Rett Syndrome is a rare genetic disorder that primarily affects girls and leads to severe physical and cognitive impairments. Diagnosing Rett Syndrome can be a complex process that involves a combination of clinical evaluation, medical history analysis, genetic testing, and the exclusion of other similar conditions.

Clinical Evaluation

The first step in diagnosing Rett Syndrome is a thorough clinical evaluation by a healthcare professional experienced in neurodevelopmental disorders. The evaluation typically includes a detailed examination of the child's medical history, developmental milestones, and current symptoms. The healthcare provider will assess various aspects such as motor skills, language development, social interaction, and behavior patterns.

Diagnostic Criteria

The diagnosis of Rett Syndrome is based on specific diagnostic criteria established by the American Academy of Pediatrics. These criteria include:

• Normal development during the first six months of life: Infants with Rett Syndrome usually show typical development in the early months.


• Loss of purposeful hand skills: A significant regression in hand skills is observed, such as the ability to grasp objects or purposefully use hands.


• Loss of spoken language: A loss of previously acquired spoken language or severe impairment in expressive language skills.

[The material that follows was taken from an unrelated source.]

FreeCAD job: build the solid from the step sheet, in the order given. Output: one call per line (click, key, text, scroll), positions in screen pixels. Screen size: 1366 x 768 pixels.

• Development of repetitive hand movements: The emergence of repetitive hand movements, such as hand-wringing, hand-washing, or hand mouthing.

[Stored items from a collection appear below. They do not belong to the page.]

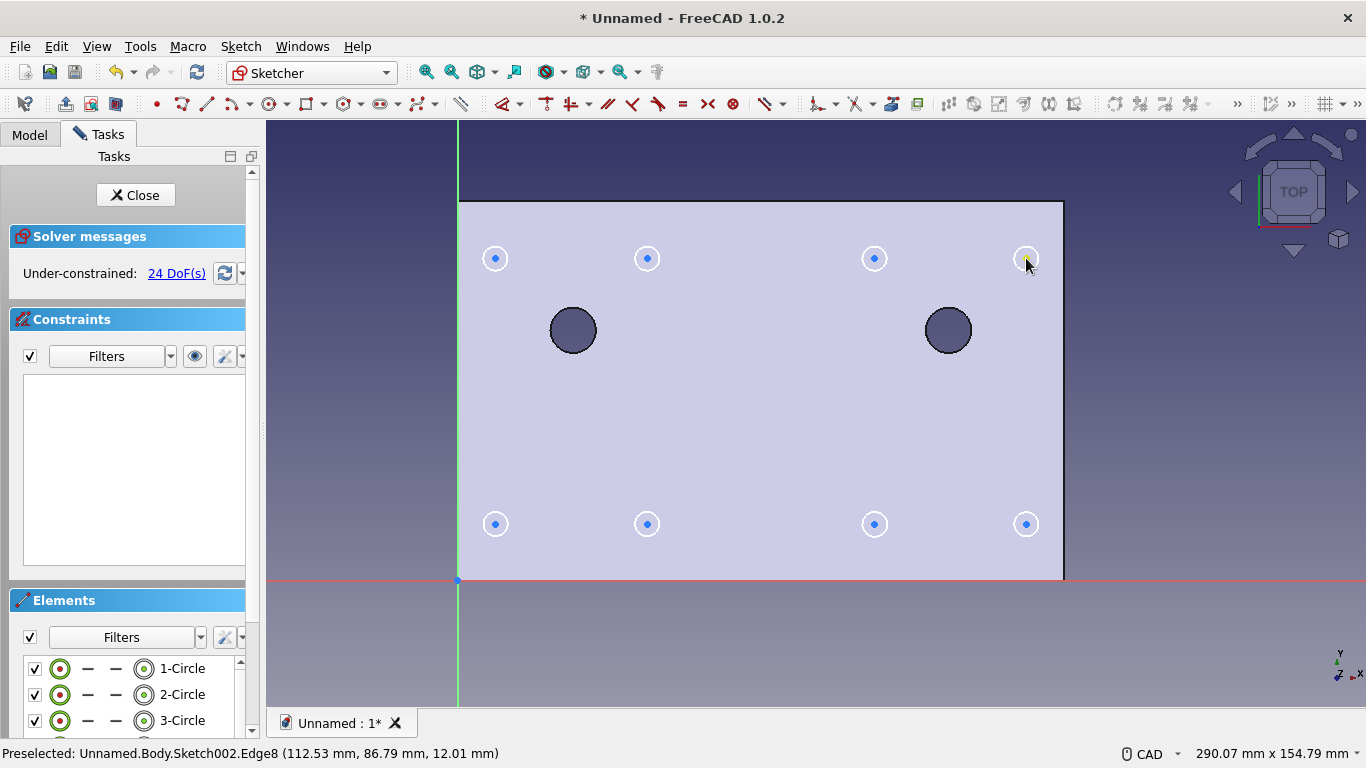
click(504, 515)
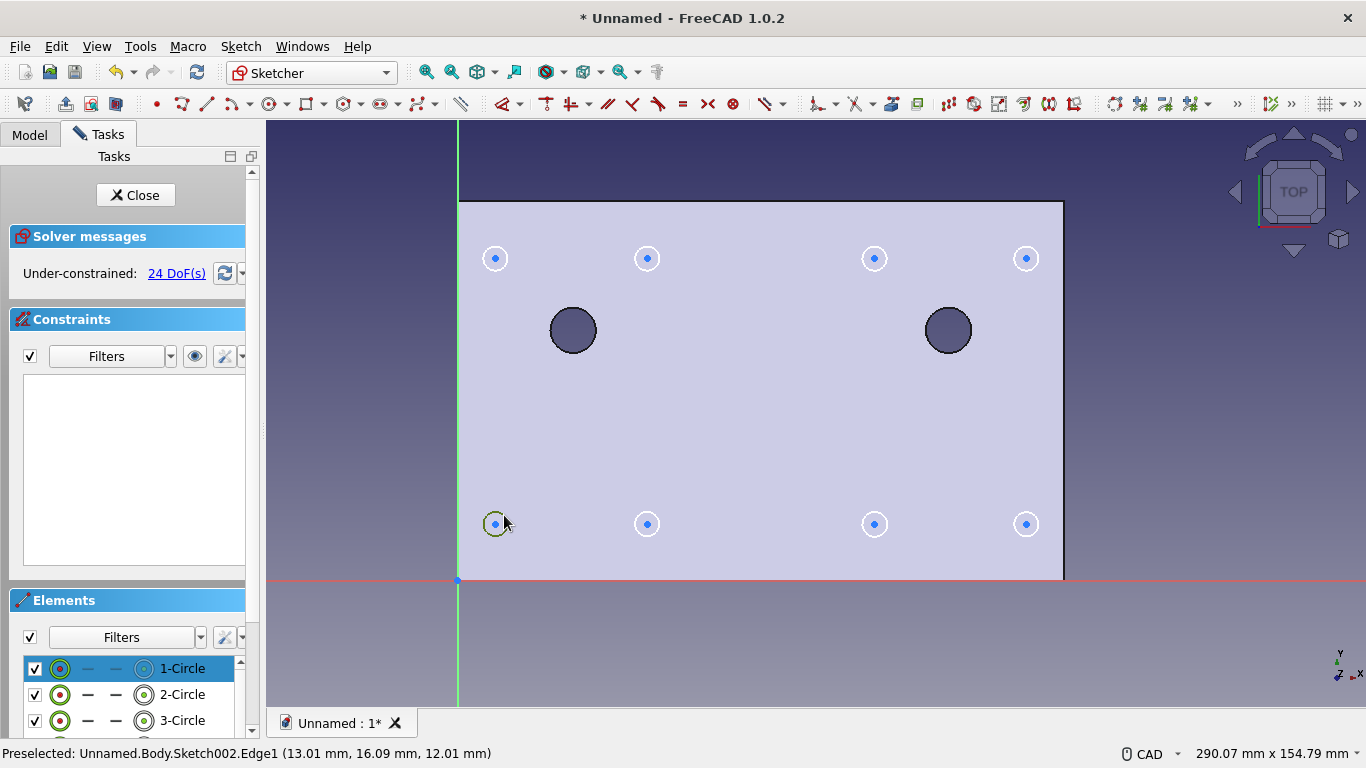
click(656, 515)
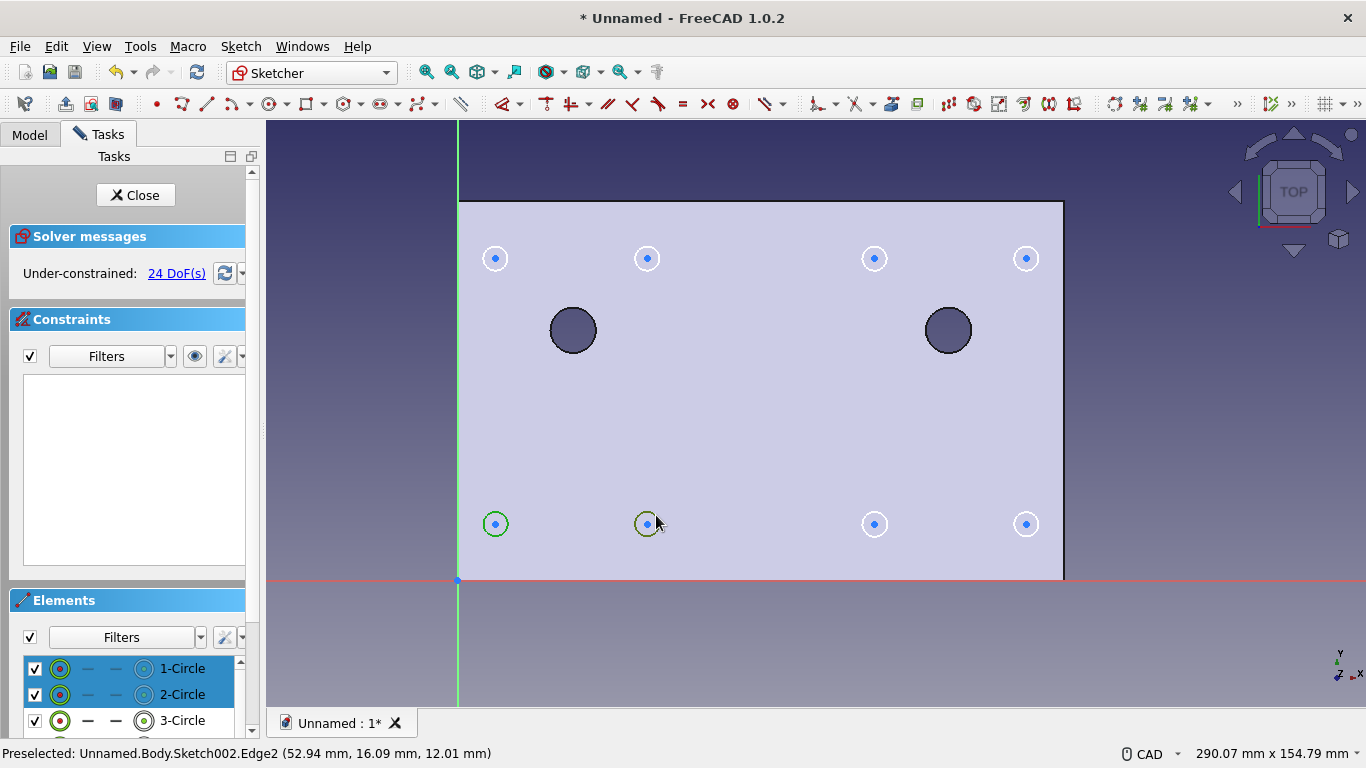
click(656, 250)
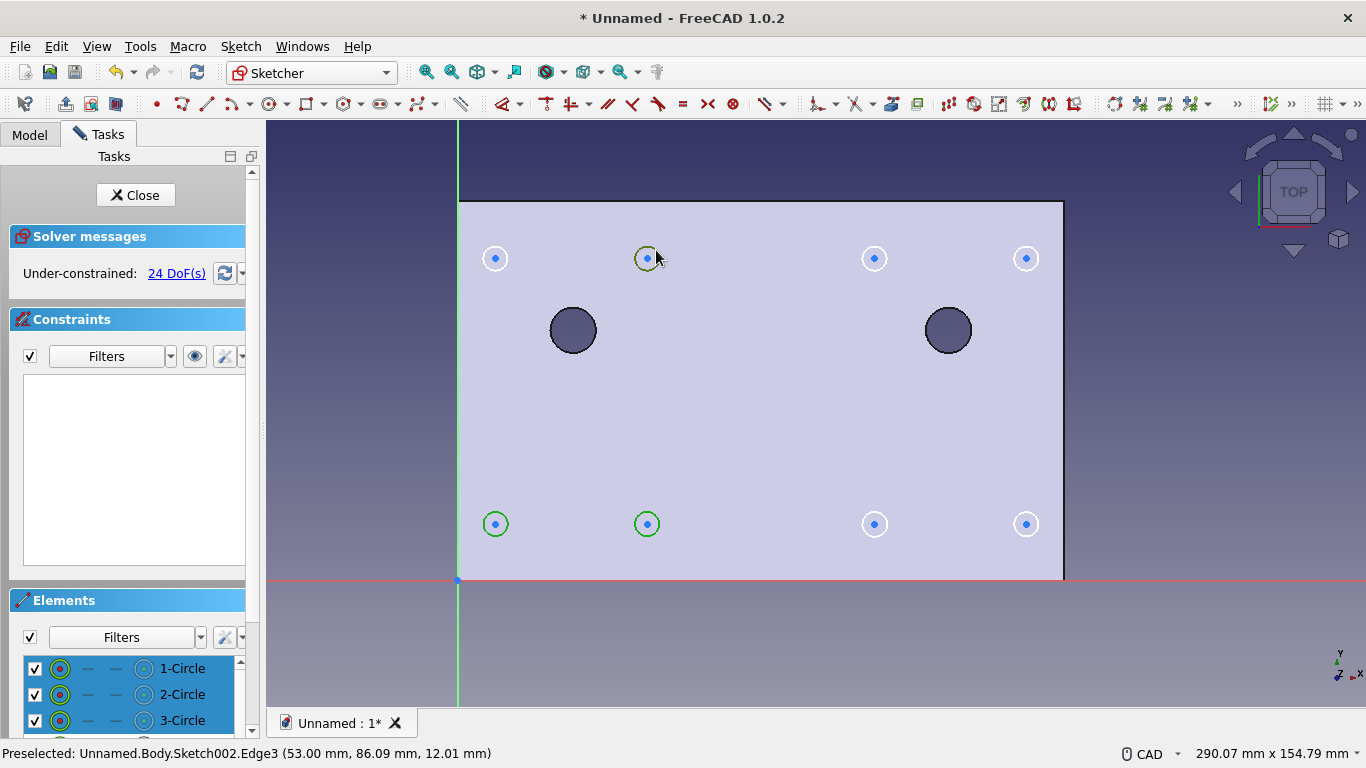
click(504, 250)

• Loss of social engagement: A decrease in social interaction and withdrawal from previously enjoyed social activities.


• Presence of characteristic gait abnormalities: The development of abnormal walking patterns, such as toe-walking or stiff-legged gait.

Genetic Testing

Once the clinical evaluation suggests the possibility of Rett Syndrome, genetic testing is typically performed to confirm the diagnosis. The most common genetic cause of Rett Syndrome is a mutation in the MECP2 gene, which can be identified through a genetic test. This test involves analyzing a blood sample to look for specific genetic changes or mutations in the MECP2 gene.

Exclusion of Other Conditions

Since Rett Syndrome shares some similarities with other neurodevelopmental disorders, it is crucial to exclude other potential causes before confirming the diagnosis. The healthcare provider may order additional tests or consultations with specialists to rule out conditions that may present with similar symptoms, such as autism spectrum disorder, cerebral palsy, or metabolic disorders.

Follow-Up and Monitoring

After a diagnosis of Rett Syndrome is made, regular follow-up appointments with healthcare professionals are essential to monitor the child's condition and manage symptoms. These appointments may involve assessments of physical abilities, cognitive function, communication skills, and behavior. Ongoing support and interventions can help improve the quality of life for individuals with Rett Syndrome and their families.

In conclusion, diagnosing Rett Syndrome involves a comprehensive approach that combines clinical evaluation, adherence to specific diagnostic criteria, genetic testing, and the exclusion of other similar conditions. Early diagnosis is crucial for accessing appropriate medical care, support services, and interventions that can positively impact the lives of individuals with Rett Syndrome.